- **Assigned task**: The whole listing below should be output again, word for word.

-.-.-

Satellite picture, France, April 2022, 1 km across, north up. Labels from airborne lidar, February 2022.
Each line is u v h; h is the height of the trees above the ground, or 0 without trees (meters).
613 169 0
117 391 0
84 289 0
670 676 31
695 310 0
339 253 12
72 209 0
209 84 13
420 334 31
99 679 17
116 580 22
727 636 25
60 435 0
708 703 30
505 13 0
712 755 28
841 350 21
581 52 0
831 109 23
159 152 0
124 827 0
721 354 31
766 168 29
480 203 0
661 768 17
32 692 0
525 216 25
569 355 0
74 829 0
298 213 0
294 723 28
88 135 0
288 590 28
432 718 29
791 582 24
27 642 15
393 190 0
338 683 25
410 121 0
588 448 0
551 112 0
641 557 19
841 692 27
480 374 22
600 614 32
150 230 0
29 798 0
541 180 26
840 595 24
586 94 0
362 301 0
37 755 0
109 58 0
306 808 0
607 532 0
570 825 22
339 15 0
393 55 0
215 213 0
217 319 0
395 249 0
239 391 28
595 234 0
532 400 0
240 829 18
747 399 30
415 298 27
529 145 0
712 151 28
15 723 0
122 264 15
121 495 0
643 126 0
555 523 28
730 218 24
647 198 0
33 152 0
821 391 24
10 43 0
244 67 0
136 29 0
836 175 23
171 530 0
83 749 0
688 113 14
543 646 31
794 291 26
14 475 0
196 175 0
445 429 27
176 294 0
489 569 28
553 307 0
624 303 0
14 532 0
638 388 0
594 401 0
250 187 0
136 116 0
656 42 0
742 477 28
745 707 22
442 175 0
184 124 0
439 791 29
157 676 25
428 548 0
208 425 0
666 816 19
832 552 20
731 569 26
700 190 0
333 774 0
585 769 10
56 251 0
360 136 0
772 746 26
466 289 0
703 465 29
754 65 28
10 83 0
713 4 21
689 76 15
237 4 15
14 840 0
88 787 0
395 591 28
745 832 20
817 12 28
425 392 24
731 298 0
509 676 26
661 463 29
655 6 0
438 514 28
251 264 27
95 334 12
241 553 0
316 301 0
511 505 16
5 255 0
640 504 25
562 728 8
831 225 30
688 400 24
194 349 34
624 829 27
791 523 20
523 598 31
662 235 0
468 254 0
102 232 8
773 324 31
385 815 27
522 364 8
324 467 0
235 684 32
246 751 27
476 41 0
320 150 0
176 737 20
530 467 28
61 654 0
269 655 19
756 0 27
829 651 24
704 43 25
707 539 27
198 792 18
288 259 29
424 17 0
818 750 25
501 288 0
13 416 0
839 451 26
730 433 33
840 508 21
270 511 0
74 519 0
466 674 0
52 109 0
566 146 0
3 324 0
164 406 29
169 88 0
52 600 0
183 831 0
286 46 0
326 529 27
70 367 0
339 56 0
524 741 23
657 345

-.-.-

- **Expected output**:
Satellite picture, France, April 2022, 1 km across, north up. Labels from airborne lidar, February 2022.
Each line is u v h; h is the height of the trees above the ground, or 0 without trees (meters).
613 169 0
117 391 0
84 289 0
670 676 31
695 310 0
339 253 12
72 209 0
209 84 13
420 334 31
99 679 17
116 580 22
727 636 25
60 435 0
708 703 30
505 13 0
712 755 28
841 350 21
581 52 0
831 109 23
159 152 0
124 827 0
721 354 31
766 168 29
480 203 0
661 768 17
32 692 0
525 216 25
569 355 0
74 829 0
298 213 0
294 723 28
88 135 0
288 590 28
432 718 29
791 582 24
27 642 15
393 190 0
338 683 25
410 121 0
588 448 0
551 112 0
641 557 19
841 692 27
480 374 22
600 614 32
150 230 0
29 798 0
541 180 26
840 595 24
586 94 0
362 301 0
37 755 0
109 58 0
306 808 0
607 532 0
570 825 22
339 15 0
393 55 0
215 213 0
217 319 0
395 249 0
239 391 28
595 234 0
532 400 0
240 829 18
747 399 30
415 298 27
529 145 0
712 151 28
15 723 0
122 264 15
121 495 0
643 126 0
555 523 28
730 218 24
647 198 0
33 152 0
821 391 24
10 43 0
244 67 0
136 29 0
836 175 23
171 530 0
83 749 0
688 113 14
543 646 31
794 291 26
14 475 0
196 175 0
445 429 27
176 294 0
489 569 28
553 307 0
624 303 0
14 532 0
638 388 0
594 401 0
250 187 0
136 116 0
656 42 0
742 477 28
745 707 22
442 175 0
184 124 0
439 791 29
157 676 25
428 548 0
208 425 0
666 816 19
832 552 20
731 569 26
700 190 0
333 774 0
585 769 10
56 251 0
360 136 0
772 746 26
466 289 0
703 465 29
754 65 28
10 83 0
713 4 21
689 76 15
237 4 15
14 840 0
88 787 0
395 591 28
745 832 20
817 12 28
425 392 24
731 298 0
509 676 26
661 463 29
655 6 0
438 514 28
251 264 27
95 334 12
241 553 0
316 301 0
511 505 16
5 255 0
640 504 25
562 728 8
831 225 30
688 400 24
194 349 34
624 829 27
791 523 20
523 598 31
662 235 0
468 254 0
102 232 8
773 324 31
385 815 27
522 364 8
324 467 0
235 684 32
246 751 27
476 41 0
320 150 0
176 737 20
530 467 28
61 654 0
269 655 19
756 0 27
829 651 24
704 43 25
707 539 27
198 792 18
288 259 29
424 17 0
818 750 25
501 288 0
13 416 0
839 451 26
730 433 33
840 508 21
270 511 0
74 519 0
466 674 0
52 109 0
566 146 0
3 324 0
164 406 29
169 88 0
52 600 0
183 831 0
286 46 0
326 529 27
70 367 0
339 56 0
524 741 23
657 345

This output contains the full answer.